We then take the message and hash it with SHA-256. Next we take each 8-bit value in the hash (N), and then hash 256-N times using SHA-256. These values become the signature.

To verify the receiver takes the hash of the message, and takes the SHA-256 hash. Next they will take each 8-bit value of the received signature, and then hash it by the value of the byte in the hash of the message. The results should be the corresponding value in the public key.

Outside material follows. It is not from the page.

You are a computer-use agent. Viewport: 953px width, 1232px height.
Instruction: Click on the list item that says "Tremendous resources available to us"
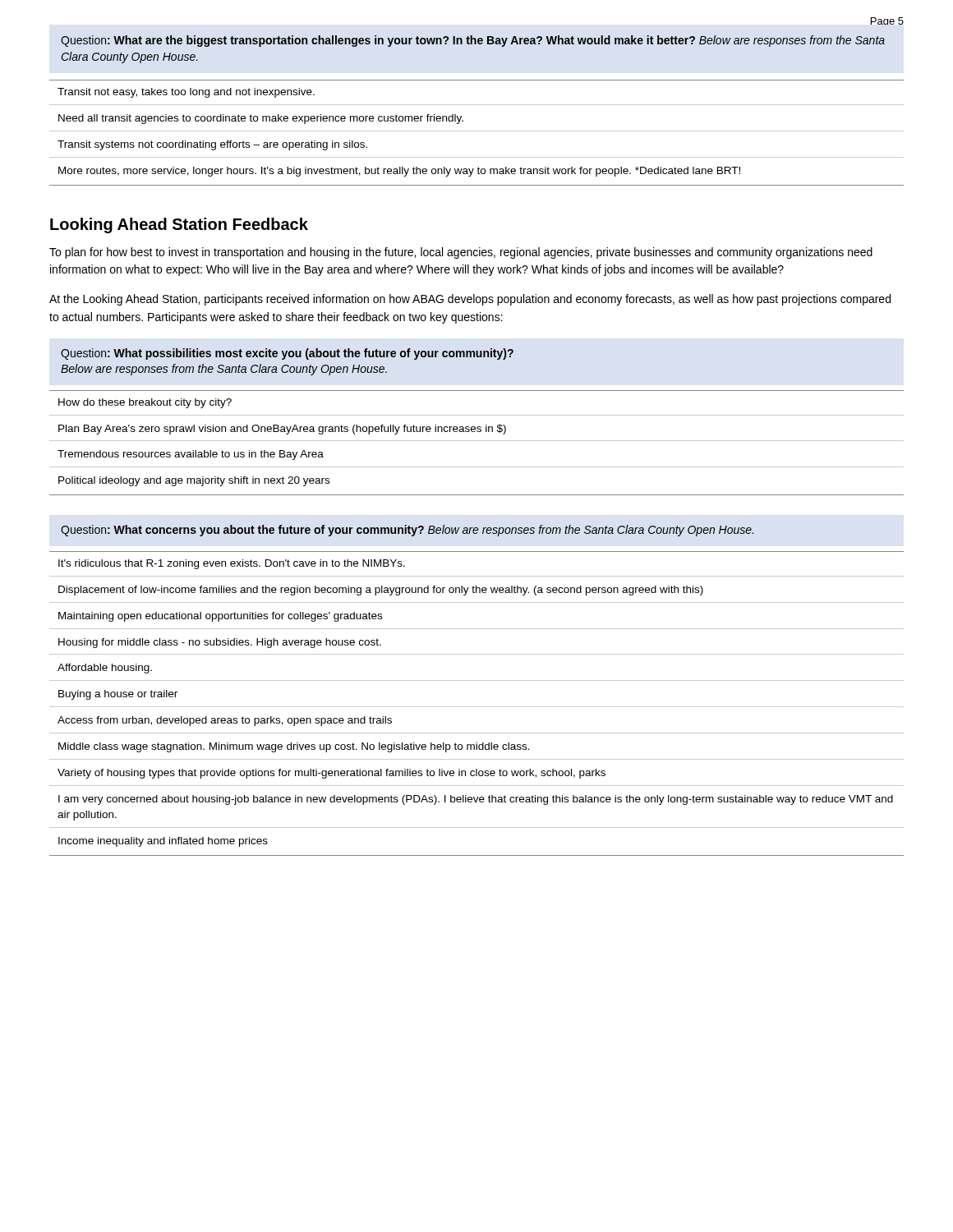[190, 454]

The Merkle root defines the top level hash, and where the authentication of the hash for the corresponding key pair is also given.

Message:		hello
Hash(message):		2cf24dba5fb0a30e26e83b2ac5b9e29e1b161e5c1fa7425e73043362938b9824

=== Calculate four signatures with 32 key pairs each ===
Private key [0][0]:	4db81f526b64d69b58a6a1cf9578dc9e04eac297414e9fe63a85df2ccef11a6a
Private key [0][1]:	673d627b7badf7461257d3e65bd557bda0da24e6485d97e86cf92d784bbbcdc6
....
Private key [0][31]:	5d4b71021c9d90ec95822037004d994e15bee4587fc08cf33d1877cc8c5fe153
....
Public key [0][0]:	336196ed0c22d4cff3218c9000e24c70a0bfec5e0ca318afe4899a16ccc755c6
Public key [0][1]:	fa0a9ce753520bb142dc97c10fc313e09b6f5f83639d9bfb2beabd78785276e0
....
Public key [0][31]:	a5912d99be04e9af0fdc6e2b2903788d7023c6ddae69a7b409e07e57465e246b

=== Determine Merkle Root ====
Merkle root:		3fa78ced3b5dc205b3dbfc29a89a2352d11f16c2a751c15666f25e73c6a54fbf

=== Create signature ====
Signature [0]:		9e82faf05429db2854001abf42ea38eec1cd6cbf1b76292cc1bc8ef82ca61216
....
Signature [31]:		aaaf98ff8576a19ac758b765a5eb75d42286bf548188e5778a294f09f78aa42a

=== Verify signature ====
Verified MSS:		True
Merkle path:	[('161b01f3c986543bda6a9a49bde5820f7ba5324cdfd5ea4535d897fed750309c', '47dfb8b70b1a7e8227dca2b226410d818104f4af45352f5334f4230436903c4c'), ('b344637c77e539df5d5396b354bbc2c3d202d6b2fd4ce8175338ae42035ec1a6', '61eddc1359167727065c94a0427b8d18811a791fae7db2b5103dc3b20b1a3cf5'), ['3fa78ced3b5dc205b3dbfc29a89a2352d11f16c2a751c15666f25e73c6a54fbf']]
Verify root		True

A demonstration of this method is given here.

Conclusions

Our current digital work is almost full trustless. We must move increasing into a world where we sign every transaction. But there are risks, and the major risks is that the existing public key methods used for signing can be broken by quantum computers. We must thus plan to deprecate these methods — soon — and move towards more robust ways — and Merkle signatures are a good way forward, especially when integrated with other OTS methods.